Royal Warrant Holders Association: Like his father, Duncan held the Royal Warrant. In his case for Queen Elizabeth II from 1955 to 1963 and was President of the Royal Warrant Holders Association in 1963. In a unique ‘double act’, his wife Monica also held the Royal Warrant at the same time, for supplying The Queen with flowers from Moyses Stevens, her family business!

Brewers Society: He was elected a member of the Council in 1949 and served as Chairman from T.B.C. until his death in 2002. Other family positions in this great institution are listed on page 96 of the Hop Leaf Gazette of March 1950:

Reading Conservatives: Like his parents, he was an active member of the Reading Conservative & Unionist Association, becoming Hon. Treasurer in 1948.

Licenced Victuallers Schools: He was active in supporting their schools and charitable works and events all over the country, becoming President in 1959-60, when the title photo of this page was made.

Royal Insurance Co. Ltd.: Director of the London Board. Liverpool London – Globe Insurance Co. Ltd. Director

British Travel & Holildays Association: Director

Harp Lager Ltd & Harp Lager (Ships Stores) Ltd.: Director

The Brewers Sociey, Export Committee: Chairman in 1962. He wrote this INTERESTING ARTICLE on the challenges and opportunities facing the industry as it joined the EEC.

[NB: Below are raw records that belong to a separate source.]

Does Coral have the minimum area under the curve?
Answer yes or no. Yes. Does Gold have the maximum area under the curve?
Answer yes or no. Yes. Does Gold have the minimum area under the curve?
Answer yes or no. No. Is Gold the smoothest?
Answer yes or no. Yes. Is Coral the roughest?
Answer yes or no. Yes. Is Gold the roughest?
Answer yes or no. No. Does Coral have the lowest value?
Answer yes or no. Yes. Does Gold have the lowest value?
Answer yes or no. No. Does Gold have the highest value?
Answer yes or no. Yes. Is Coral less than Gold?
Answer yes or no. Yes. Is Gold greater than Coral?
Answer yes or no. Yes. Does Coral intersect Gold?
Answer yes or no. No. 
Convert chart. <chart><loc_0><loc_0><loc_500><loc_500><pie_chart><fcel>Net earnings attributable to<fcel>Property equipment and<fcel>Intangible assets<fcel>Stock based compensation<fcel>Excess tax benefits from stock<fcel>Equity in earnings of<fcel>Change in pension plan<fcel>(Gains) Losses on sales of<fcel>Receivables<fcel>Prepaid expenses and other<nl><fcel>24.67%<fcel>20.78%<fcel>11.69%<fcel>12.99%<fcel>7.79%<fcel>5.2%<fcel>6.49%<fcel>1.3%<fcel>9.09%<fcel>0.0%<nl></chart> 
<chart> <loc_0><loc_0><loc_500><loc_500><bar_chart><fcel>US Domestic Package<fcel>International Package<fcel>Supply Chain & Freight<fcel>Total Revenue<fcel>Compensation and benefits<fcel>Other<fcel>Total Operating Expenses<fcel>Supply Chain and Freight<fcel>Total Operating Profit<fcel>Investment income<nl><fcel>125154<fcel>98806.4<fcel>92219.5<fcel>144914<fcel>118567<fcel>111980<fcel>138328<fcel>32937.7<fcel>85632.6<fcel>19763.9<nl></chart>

Reading Civic Society: Became Chairman in 1988 until his death in 2002

Duncan was a wonderful family man who was steeped in his family’s history of living as gentry for around 800 years within 12 miles of Reading. His family motto & crest are explained, partly in his own words; HERE. One of his most treasured archives was the family tree prepared for his grandfather Louis. In about 1985 he wrote his own extensive ‘Family History’ for his 3 sons that he enitled; ‘TO MY SONS, RAYMOND, COLIN, GAVIN – AN ACCOUNT OF THEIR SIMONDS DESCENT‘ which is also on the bookshelf above, with many of the stories he had heard from his extended family through the then common process of ‘Oral Record’. In their turn, his sons ‘interviewed’ him and made an extensive film of his memoirs shortly before he died – that I hope to load here in due course.

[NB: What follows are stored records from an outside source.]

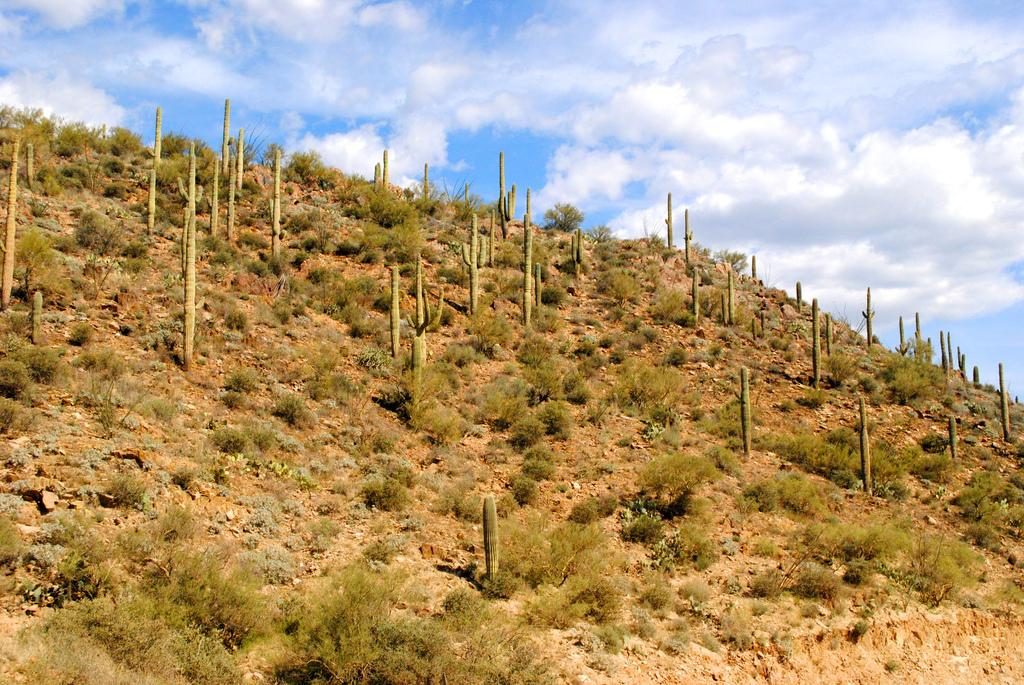What type of terrain is visible in the image? There is a hill surface with plants in the image. What is visible in the background of the image? The sky is visible in the image. What can be seen in the sky? Clouds are present in the sky. What type of floor can be seen in the image? There is no floor present in the image; it features a hill surface with plants. Is there an office visible in the image? There is no office present in the image; it features a hill surface with plants and a sky with clouds. 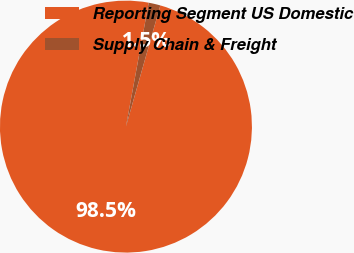Convert chart to OTSL. <chart><loc_0><loc_0><loc_500><loc_500><pie_chart><fcel>Reporting Segment US Domestic<fcel>Supply Chain & Freight<nl><fcel>98.49%<fcel>1.51%<nl></chart> 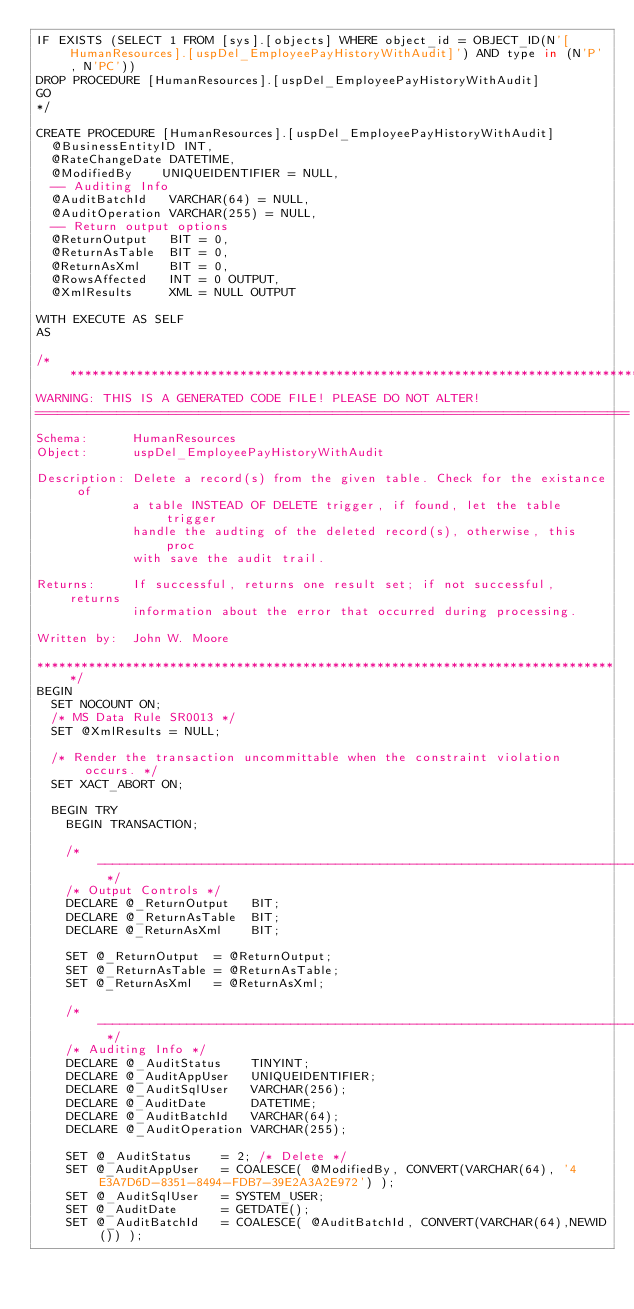Convert code to text. <code><loc_0><loc_0><loc_500><loc_500><_SQL_>IF EXISTS (SELECT 1 FROM [sys].[objects] WHERE object_id = OBJECT_ID(N'[HumanResources].[uspDel_EmployeePayHistoryWithAudit]') AND type in (N'P', N'PC'))
DROP PROCEDURE [HumanResources].[uspDel_EmployeePayHistoryWithAudit]
GO
*/

CREATE PROCEDURE [HumanResources].[uspDel_EmployeePayHistoryWithAudit]
  @BusinessEntityID INT,
  @RateChangeDate DATETIME,
  @ModifiedBy    UNIQUEIDENTIFIER = NULL,
  -- Auditing Info
  @AuditBatchId   VARCHAR(64) = NULL,
  @AuditOperation VARCHAR(255) = NULL,
  -- Return output options
  @ReturnOutput   BIT = 0,
  @ReturnAsTable  BIT = 0,
  @ReturnAsXml    BIT = 0,
  @RowsAffected   INT = 0 OUTPUT,
  @XmlResults     XML = NULL OUTPUT

WITH EXECUTE AS SELF
AS

/*******************************************************************************
WARNING: THIS IS A GENERATED CODE FILE! PLEASE DO NOT ALTER!
================================================================================
Schema:      HumanResources
Object:      uspDel_EmployeePayHistoryWithAudit

Description: Delete a record(s) from the given table. Check for the existance of
             a table INSTEAD OF DELETE trigger, if found, let the table trigger
             handle the audting of the deleted record(s), otherwise, this proc
             with save the audit trail.

Returns:     If successful, returns one result set; if not successful, returns
             information about the error that occurred during processing.

Written by:  John W. Moore

*******************************************************************************/
BEGIN
  SET NOCOUNT ON;
  /* MS Data Rule SR0013 */
  SET @XmlResults = NULL;

  /* Render the transaction uncommittable when the constraint violation occurs. */
  SET XACT_ABORT ON;

  BEGIN TRY
    BEGIN TRANSACTION;

    /* ------------------------------------------------------------------------- */
    /* Output Controls */
    DECLARE @_ReturnOutput   BIT;
    DECLARE @_ReturnAsTable  BIT;
    DECLARE @_ReturnAsXml    BIT;

    SET @_ReturnOutput  = @ReturnOutput;
    SET @_ReturnAsTable = @ReturnAsTable;
    SET @_ReturnAsXml   = @ReturnAsXml;

    /* ------------------------------------------------------------------------- */
    /* Auditing Info */
    DECLARE @_AuditStatus    TINYINT;
    DECLARE @_AuditAppUser   UNIQUEIDENTIFIER;
    DECLARE @_AuditSqlUser   VARCHAR(256);
    DECLARE @_AuditDate      DATETIME;
    DECLARE @_AuditBatchId   VARCHAR(64);
    DECLARE @_AuditOperation VARCHAR(255);

    SET @_AuditStatus    = 2; /* Delete */
    SET @_AuditAppUser   = COALESCE( @ModifiedBy, CONVERT(VARCHAR(64), '4E3A7D6D-8351-8494-FDB7-39E2A3A2E972') );
    SET @_AuditSqlUser   = SYSTEM_USER;
    SET @_AuditDate      = GETDATE();
    SET @_AuditBatchId   = COALESCE( @AuditBatchId, CONVERT(VARCHAR(64),NEWID()) );</code>

A boating enthusiast & keen sailor himself with 1000’s of offshore cruising and racing miles on his log, In 1966, Courage sponsored An established solo sailor to built a radical light displacement catamaran, to compete for the prestigious ‘OSTAR’ [The single handed transatlantic race 2 years away] To prepare the boat, it was entered in many of the UK big offshore races, with Duncan and his 19 year old son Raymond on the crew. During an otherwise successful campaign and whilst racing in the 1967 ‘Crystal Trophy’ race calamity struck and the boat pitch-poled about 16 miles South of the Isle of Wight, whilst enroute to Cherbourg and Plymouth. Here is a montage of images and if you are very bored and want to read the full story, it is on the bookshelf.

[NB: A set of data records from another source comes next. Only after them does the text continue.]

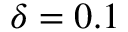Convert formula to latex. <formula><loc_0><loc_0><loc_500><loc_500>\delta = 0 . 1</formula> 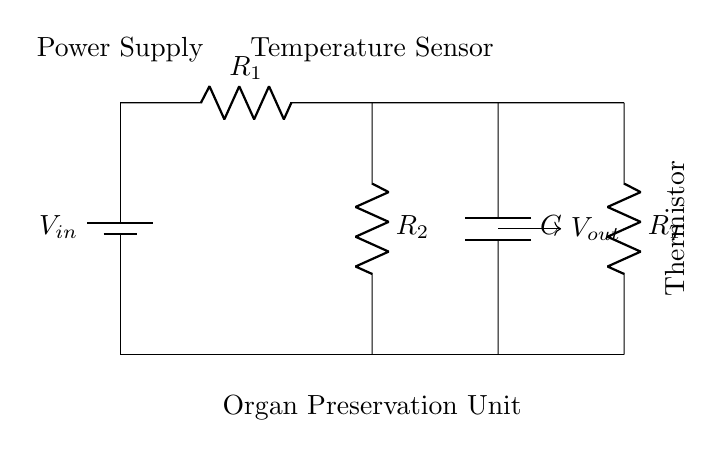What is the input voltage in this circuit? The input voltage is labeled as \( V_{in} \) in the circuit diagram. It refers to the voltage supplied by the battery.
Answer: \( V_{in} \) What is the type of sensor used in this circuit? The circuit contains a temperature sensor, as indicated by the labeling next to the component that is associated with the voltage divider.
Answer: Temperature Sensor How many resistors are in the circuit? The circuit includes two resistors, labeled \( R_1 \) and \( R_2 \), which are part of the voltage divider configuration.
Answer: 2 What is the role of the capacitor in this circuit? The capacitor, labeled \( C \), is integrated into the circuit to manage fluctuations in voltage and provide filtering or smoothing of the output, which is essential for stable readings in temperature monitoring.
Answer: Smoothing What does the thermistor do in this circuit? The thermistor, labeled \( R_T \), provides a variable resistance that changes with temperature, allowing the circuit to monitor temperature by affecting the output voltage.
Answer: Temperature Measurement How is \( V_{out} \) related to \( R_1 \) and \( R_2 \)? The output voltage \( V_{out} \) is determined by the voltage divider rule, which states that it can be calculated as \( V_{out} = V_{in} \times \frac{R_2}{R_1 + R_2} \); therefore, \( V_{out} \) is dependent on the values of resistors \( R_1 \) and \( R_2 \).
Answer: Voltage Divider Rule What function does the power supply serve in this circuit? The power supply, shown as the battery labeled \( V_{in} \), provides the necessary electrical energy to drive the circuit and allow the components to function, enabling the measurement of temperature.
Answer: Provides Power 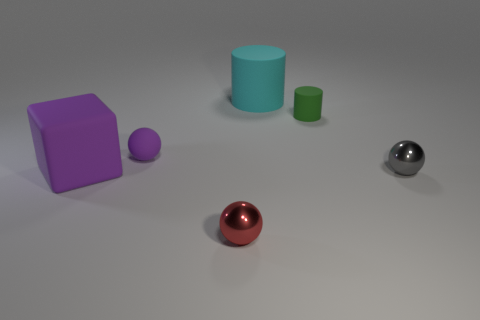Add 4 red shiny things. How many objects exist? 10 Subtract all cylinders. How many objects are left? 4 Add 1 green cylinders. How many green cylinders are left? 2 Add 1 big brown blocks. How many big brown blocks exist? 1 Subtract 0 brown blocks. How many objects are left? 6 Subtract all small blue rubber cylinders. Subtract all cubes. How many objects are left? 5

He also spent many years supporting his three sons in their sailing campaigns around the world with his trusty old Range Rover. Towing boats around Europe into his 60’s so that they could fly out after work on a Friday, compete for 2 or 3 days, then leave him to pack up and return home up to a week later!

Celebrating Soling succes in 1980

In 1997, the British Soling Association published this article in honour of his service to the class and for his 80th birthday: 1997 Soling Association

1987 on Velsheda
1987 sailing on Velsheda for his 70th birthday

 

 

To celebrate his 80th birthday, his sons threw him a dinner party for 80 friends & family. Here are the key guests:

Duncan died peacefully at the home he loved Winloed on August 18th 2002. He was buried in the family plot alongside his parents & grandparents at Cliddesden parish church, close to his family home of Audleys Wood. Click on these links to read his obituaries of August 2002: Times Obituary and the Chronicle Obituary

In June 2017 to mark his 100th birthday, his three sons organised a Simonds family reunion at Audleys Wood near Basingstoke. It says something for his family spirit and legacy that 170 people gathered from all over the world to remember him and to renew or even establish family connections across countries & continents!